Ik know, I have not been around much this summer.  My oldest son (now 7!) was home all summer, and between the 4 kids, I had my hands full.  Fortunately I did get to do some knitting, but it definitely took up most of my other times.  I want to start out with showing some projects that I could not show you until now, because they were presents for a very dear friend.  I was part of 2 different forums with her.  So I made her two presents.  The first one was:




The pattern is called Jean Jacket Sets.  I only made the jacket, and I LOVE it.  The pattern was not the easiest/best, and at one point I had 9 different, separate pieces that somehow were supposed to come together into one jacket.  But I managed it.  I think the little pocket flaps, and the white stitching just were the cherry on top, and made it all of a sudden into a real jeans jacket.  Without that, it is more of a regular cardigan.  I used Cotlin from KnitPicks.  It is made up of 70% cotton and 30% linen, and I love it.  It is machine washable, and dry-able, and I have tried that with a gauge swatch.  It has gone through hot loads, jeans loads, and any other abuse I could think of, and it held up amazingly well.  The yarn is a little loosely twisted, so one needs to watch that one does pick up all the plies, but that is not a problem, most of the time.  It gets even softer with washing, which is amazing, as it is incredibly soft to begin with.

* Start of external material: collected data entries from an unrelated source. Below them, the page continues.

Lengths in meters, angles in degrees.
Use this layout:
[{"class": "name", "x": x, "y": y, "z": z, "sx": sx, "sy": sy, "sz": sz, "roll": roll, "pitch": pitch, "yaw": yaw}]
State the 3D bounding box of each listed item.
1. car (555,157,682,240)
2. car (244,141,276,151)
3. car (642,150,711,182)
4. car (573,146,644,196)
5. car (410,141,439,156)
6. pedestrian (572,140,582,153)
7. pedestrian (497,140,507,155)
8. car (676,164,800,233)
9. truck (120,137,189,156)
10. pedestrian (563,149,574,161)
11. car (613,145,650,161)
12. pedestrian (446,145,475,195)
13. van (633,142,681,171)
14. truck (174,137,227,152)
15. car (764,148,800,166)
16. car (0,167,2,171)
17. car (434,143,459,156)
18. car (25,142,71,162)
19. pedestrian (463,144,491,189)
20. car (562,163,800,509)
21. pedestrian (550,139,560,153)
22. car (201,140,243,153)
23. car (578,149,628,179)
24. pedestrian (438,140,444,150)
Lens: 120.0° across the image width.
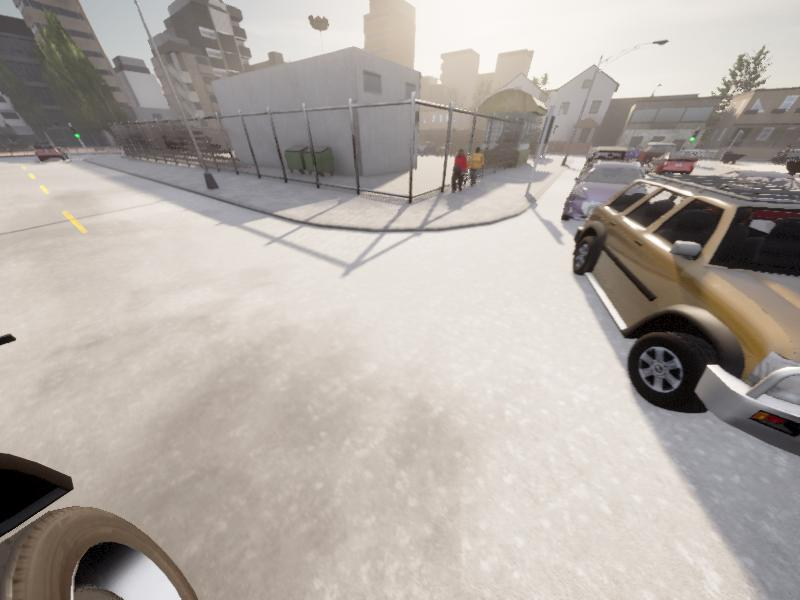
[{"class": "car", "x": 7.102, "y": -3.792, "z": 7.936, "sx": 2.033, "sy": 1.649, "sz": 4.856, "roll": 22, "pitch": 41, "yaw": 28}, {"class": "car", "x": -26.903, "y": -29.674, "z": 44.517, "sx": 1.812, "sy": 1.442, "sz": 4.674, "roll": 22, "pitch": 41, "yaw": 28}, {"class": "car", "x": 19.068, "y": -9.526, "z": 16.255, "sx": 2.007, "sy": 1.525, "sz": 4.514, "roll": 22, "pitch": 40, "yaw": 28}, {"class": "car", "x": 10.880, "y": -7.005, "z": 12.296, "sx": 1.905, "sy": 1.878, "sz": 3.866, "roll": 22, "pitch": 41, "yaw": 28}, {"class": "car", "x": 3.775, "y": -22.853, "z": 34.792, "sx": 2.242, "sy": 1.667, "sz": 4.611, "roll": 22, "pitch": 41, "yaw": 28}, {"class": "pedestrian", "x": 30.973, "y": -26.803, "z": 40.350, "sx": 0.751, "sy": 1.860, "sz": 0.751, "roll": 22, "pitch": 41, "yaw": 28}, {"class": "pedestrian", "x": 15.422, "y": -23.067, "z": 34.921, "sx": 0.751, "sy": 1.860, "sz": 0.751, "roll": 29, "pitch": 44, "yaw": 34}, {"class": "car", "x": 12.251, "y": -3.848, "z": 8.282, "sx": 1.994, "sy": 1.385, "sz": 4.181, "roll": 22, "pitch": 40, "yaw": 27}, {"class": "truck", "x": -35.787, "y": -22.651, "z": 33.912, "sx": 2.390, "sy": 2.098, "sz": 6.274, "roll": 22, "pitch": 41, "yaw": 28}, {"class": "pedestrian", "x": 19.297, "y": -16.654, "z": 26.517, "sx": 0.500, "sy": 1.100, "sz": 0.500, "roll": -20, "pitch": 40, "yaw": -27}, {"class": "car", "x": 29.617, "y": -18.921, "z": 29.716, "sx": 1.816, "sy": 1.474, "sz": 4.193, "roll": 13, "pitch": 37, "yaw": 16}, {"class": "pedestrian", "x": 2.649, "y": -5.762, "z": 10.253, "sx": 0.751, "sy": 1.860, "sz": 0.751, "roll": 25, "pitch": 42, "yaw": 30}, {"class": "van", "x": 23.584, "y": -13.413, "z": 21.411, "sx": 1.775, "sy": 1.987, "sz": 4.442, "roll": 22, "pitch": 41, "yaw": 28}, {"class": "truck", "x": -34.908, "y": -27.422, "z": 40.686, "sx": 2.390, "sy": 2.098, "sz": 6.274, "roll": 22, "pitch": 41, "yaw": 28}, {"class": "car", "x": 42.663, "y": -14.783, "z": 23.953, "sx": 4.792, "sy": 1.488, "sz": 2.163, "roll": 22, "pitch": 41, "yaw": 28}, {"class": "car", "x": -32.689, "y": -10.747, "z": 17.596, "sx": 4.193, "sy": 1.474, "sz": 1.816, "roll": 22, "pitch": 40, "yaw": 27}, {"class": "car", "x": 6.796, "y": -22.086, "z": 33.847, "sx": 1.816, "sy": 1.474, "sz": 4.193, "roll": 22, "pitch": 41, "yaw": 28}, {"class": "car", "x": -37.990, "y": -16.139, "z": 25.084, "sx": 1.851, "sy": 1.617, "sz": 3.988, "roll": -30, "pitch": 45, "yaw": -35}, {"class": "pedestrian", "x": 3.788, "y": -6.611, "z": 11.466, "sx": 0.751, "sy": 1.860, "sz": 0.751, "roll": 22, "pitch": 41, "yaw": 28}, {"class": "car", "x": 3.949, "y": -0.409, "z": 2.893, "sx": 1.932, "sy": 1.855, "sz": 4.605, "roll": 12, "pitch": 37, "yaw": 16}, {"class": "pedestrian", "x": 26.297, "y": -26.173, "z": 39.244, "sx": 0.751, "sy": 1.860, "sz": 0.751, "roll": 15, "pitch": 38, "yaw": 19}, {"class": "car", "x": -30.684, "y": -26.697, "z": 40.091, "sx": 1.930, "sy": 1.638, "sz": 5.238, "roll": 22, "pitch": 41, "yaw": 28}, {"class": "car", "x": 15.179, "y": -10.372, "z": 17.437, "sx": 2.128, "sy": 1.511, "sz": 4.902, "roll": 22, "pitch": 41, "yaw": 28}, {"class": "pedestrian", "x": 8.676, "y": -32.547, "z": 48.489, "sx": 0.751, "sy": 1.860, "sz": 0.751, "roll": 23, "pitch": 41, "yaw": 28}]

For the second present I made her this:


It is a playsuit, no sleeves.  I loved having these kind of suits for my kids, and just put a little shirt underneath to finish off the ensemble.  I think they look better then the sleep and play one piece suits we see in many stores.  Some of those are okay, but I liked this style.   I got the pattern from an old magazine (about 7 years old now) and finally got around to actually making it.  I used Patons Beehive Baby Sport, a 70% acrylic, 30% nylon yarn, also quite soft.  I did alter the pattern some.  I liked being able to change diapers without having to take off  the entire suit, so I added snaps between the legs:


and a close-up of how I did that exactly:



You want more close-up?  Alright!  I added a little owl on the front.  The original pattern has a rattle, but I knew the new mother liked owls, so out goes the rattle, and in came a little owl:


The booties are knitted onto the legs after you finish most of the rest:



And the armholes are just hemmed:


As is the snap closure on the back:



I hope the pictures do not take to long to load, if they do, let me know and I will think of some other way to do this.  I hope my friend and her new baby will enjoy these gifts, in good health and happily.  Happy birthday, little one!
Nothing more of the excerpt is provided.